In assessing the validity of the arguments of those who advocate abandoning our Convention commitments it is as well to consider how antipathetic the European Court of Human Rights has been to British ideas. In his engrossing article in the Times (5th May 2016) Lord Pannick Q.C. cites the fact that in 2015 the European Court gave judgement in 823 cases. A mere 13 covered cases involving the UK. Of those 13 cases, the Court found in favour of the UK in 9 (69%). To put these figures into even greater context, the Court heard 116 cases emanating from the Russian Federation of which the Russian authorities were successful in a mere 7 – a success rate of 6%. Again, Turkey lost 79 out of 87 cases – a success rate of 9%. Of course every decision touching on the rights of man is vastly important but without at all being complacent there is perhaps some room for a small amount of pride in our commitment thus far to abide by the Convention.

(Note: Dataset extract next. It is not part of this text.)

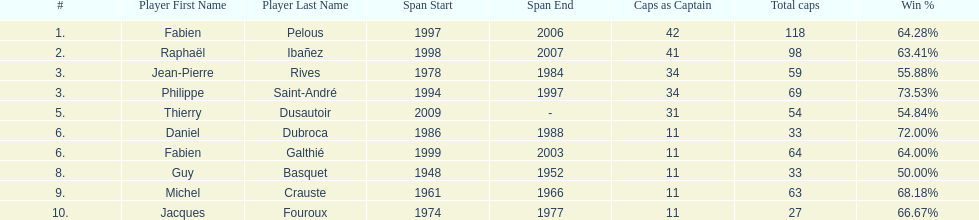Only player to serve as captain from 1998-2007 Raphaël Ibañez.

Victim, Tim Salter. There is very small room for pride in Britain’s supposed adherence to the Convention: microscopic, in fact.
In fairness those who advocate the UK ditching its Convention commitments are not averse to the notion that society should so govern itself that certain basic rights are maintained and to that end suggest the replacement of the Convention by a Bill of Rights (applicable to the UK) which apparently the Ministry of Justice are in the course of drafting. How much different from the Convention this will be remains to be seen, especially against the fact that the current Attorney-General within the last few days speaking in the House of Commons on behalf of the Government stated, “we have no objection to the text of the Convention; it is indeed a fine document.” As Lord Pannick Q.C. suggests in his Times article, why then the need to change it? It is tempting to suggest that the only difference that is likely to come out of any reform is to promote the primacy of the British domestic courts to determine our responsibilities rather than the European Court in Strasbourg, but the arguments against the existing Human Rights Act 1998 have thus far been lacking in coherence and developments are awaited with a degree of anxious anticipation.
That said, it would be foolish to argue that all is well with the European Court of Human Rights. Even a senior member of our own Supreme Court of Justice has questioned the background and experience of some of the judges, suggesting that perhaps some of the member nations appointing their representatives to the Court have not treated the matter with the seriousness it deserves. We do not of course live in a perfect world but if some sort of reform is required should we not be advocating such reform and canvassing support for those reforms from other member states rather than apparently throwing our toys out of the pram?
For those interested in a very humorous but highly pertinent critique of the government’s current position on the Human Rights Act 1998, reference should be made to the Monty Python inspired “What did the European Convention on Human Rights ever do for us?” available on line at www.youtube.com.